According to the IMDb:
Quill says the same line: 
Oh she has no idea. 
If I had a black light, 
this would look like a Jackson Pollock painting.

This is just coincidence since that particular episode didn't even air until twenty years after Peter left Earth.  But I am impressed, albeit somewhat dubious, that he knew who Jackson Pollock was by the time he was eight years old.  I'm going to assume that art appreciation was something his mother shared with him.

So here are the references that do matter....


'ALF'
Quill has an 'ALF' sticker on his spaceship.


'ALF' ran on NBC for just over 100 episodes from 1986 to 1990.  The show's third season didn't start until October 1988, so at best, young Peter only saw about 60 episodes of its complete run before he was taken.  But there was more than enough time for a rush of merchandise from the show to flood the market before Christmas, 1986.  At some point before he was abducted, Peter got himself an 'ALF' sticker, but apparently he never had any place worthy enough to stick it on.  At least, not until he got his spaceship.






'CHEERS' 

A relationship between two characters is compared to the "will they/won't they" romance between Sam and Diane.

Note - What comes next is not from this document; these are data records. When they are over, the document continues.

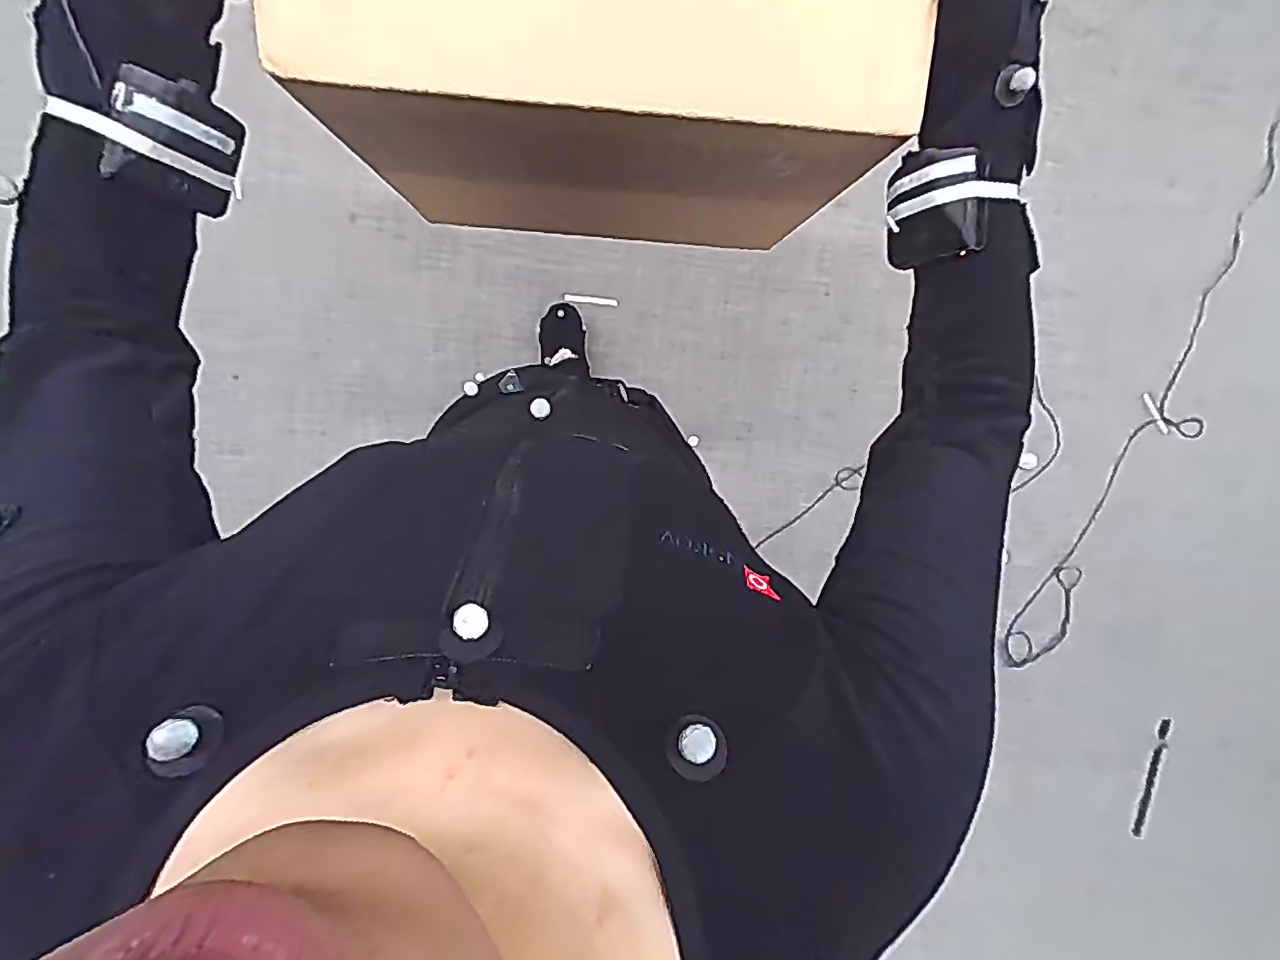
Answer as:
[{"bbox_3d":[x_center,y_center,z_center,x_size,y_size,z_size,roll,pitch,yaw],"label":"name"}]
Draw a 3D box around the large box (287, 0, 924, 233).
[{"bbox_3d":[-0.023,-0.423,0.464,0.408,0.320,0.320,2,101,-5],"label":"large box"}]
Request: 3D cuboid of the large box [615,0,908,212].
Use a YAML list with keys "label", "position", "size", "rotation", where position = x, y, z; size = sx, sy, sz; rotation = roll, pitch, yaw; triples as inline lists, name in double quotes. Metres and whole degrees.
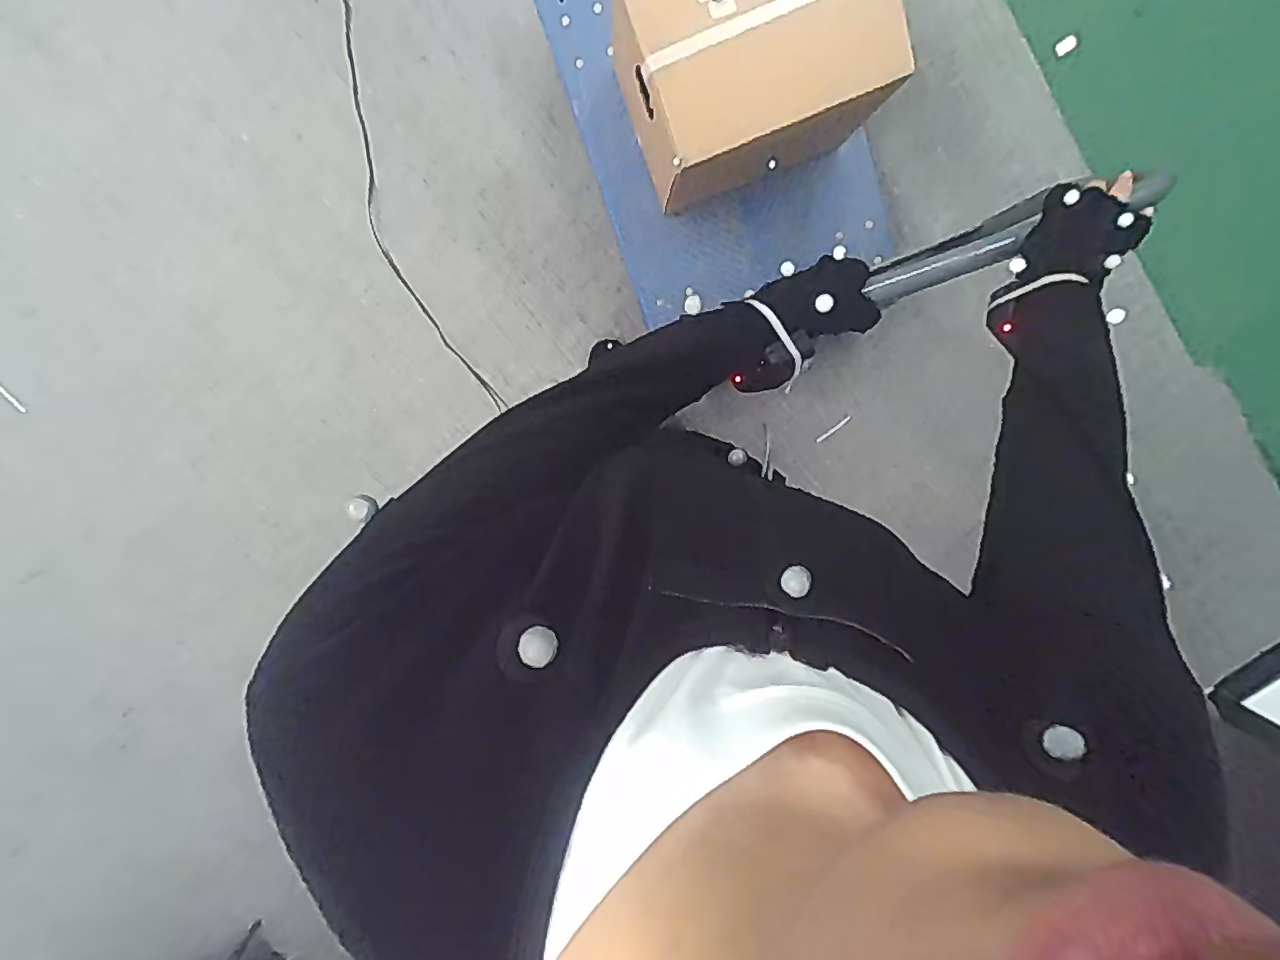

Although it stumbled when it first began, 'Cheers' went on to become a powerhouse sitcom with two spin-offs ('Frasier', another powerhouse, and 'The Tortellis', eh... not so much), and connections to several other TV shows ('Wings', 'St. Elsewhere', and through 'Frasier', 'Caroline In The City'.)  It aired on NBC from 1982 until 1993, and for the most part it held down the 9 PM timeslot on Thursdays as part of the Peacock Network's "Must See TV" prime-time block.  There were a few times it aired at 9:30 PM instead, and once even at 10 PM.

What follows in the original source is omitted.